Dumb things people do after a breakup

Dumb Things People Do After a Breakup

It’s not uncommon to call your ex in the middle of the night after a long night of drinking, but there are worse things you can do. These decisions are often made on a whim as a response to sudden fluctuating emotions. The first few months after a separation can urge people to make some dumb decisions, most of which involve communicating with their exes in the unhealthiest ways.

If you have recently gone through a breakup, here’s what you need to avoid doing.

Apologies 

Breakups can tempt people to send apologies to their exes, even if they were not in the wrong. Emotional withdrawal from a relationship can make you feel desperate to reach out to your former partner, even if you were cheated on or disrespected. When you long for the way your ex once made you feel, you get the urge to try again or see how they’re doing without you. If you feel like you were the party in the wrong or that you hurt your ex in any way, being open about your realization can be healthy and can help your ex to move on. However, you should never apologize to someone who has turned the tables and thrown the blame on you. You also shouldn’t wait for your ex to reach out and apologize to you. Avoid having any expectations about how the two of you choose to part ways. 

Sex 

When it’s been long enough after a breakup, you may feel like you have moved on, and that anything casual between you and your ex wouldn’t have any strings attached. Being intimate with an ex can throw away your hard work towards emotional healing. Sex can rekindle a flame in only one partner, which would lead to more trauma. Of course, this doesn’t apply to all relationships, especially if you have parted ways on good terms. If you have the option to have sex with your ex, and you’re unsure whether it’s a good idea, take a moment to think about the consequences and if you’re okay with them. If you want your ex back, sex is not always a bad idea, unless the two of you want something different. If you’re both seeking casual sex, you may still want to avoid it, seeing as one of you could still have some dormant feelings for the other party. 

Rebound 

Heartbreak can be unbearable and painfully distracting, which naturally compels you to look for alternative distractions. While many people seek casual sex, others may seek a relationship to fill the void that their partners have left. This can be emotionally damaging to both parties involved. If you think you have met the right person right after your breakup, you should still give yourself time to heal before getting romantically involved again. On the other hand, you may not be the one seeking a partner after a breakup. If you meet someone compatible and learn that they have recently ended a relationship, you should keep your distance until they approach you when they’re ready. Being involved with someone who is emotionally unavailable or still healing will build a relationship on a fragile foundation. 

Rebound after a breakup

Cyber Stalking 

Sometimes, you have no intention to communicate with your ex, but you still want to check how they’re doing. You may be hoping that they’re heartbroken over the breakup, or you may be looking for answers that would confirm any suspicions that you had before you broke up. Whatever your reason is to stalk your ex on social media, it’s an unhealthy coping mechanism. If it’s the closure that you’re looking for, you need to stop seeking it from your ex, and you should never ask for it. Whatever suspicions that you had before you broke up with your partner should no longer matter unless you’re planning to get back with them. But if you’re only seeking assurance, then you need to stop yourself from looking at their social media pages. If you find it hard not to think about them, a good distraction is being social. Call up your old friends and catch up, or find a hobby that can keep you focused on making progress. 

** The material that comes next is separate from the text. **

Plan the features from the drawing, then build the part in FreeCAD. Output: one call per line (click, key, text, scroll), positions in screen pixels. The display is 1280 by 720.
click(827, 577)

It’s natural for you to feel the urge to communicate with your ex, whether it has been a few months, or years, after your breakup. People can sometimes take time to process their emotions, which you should never suppress. However, you should avoid letting your feelings direct your actions. If you ever feel the need to communicate with a former partner who has previously emotionally abused you, reach out to a friend and keep your distance from your ex.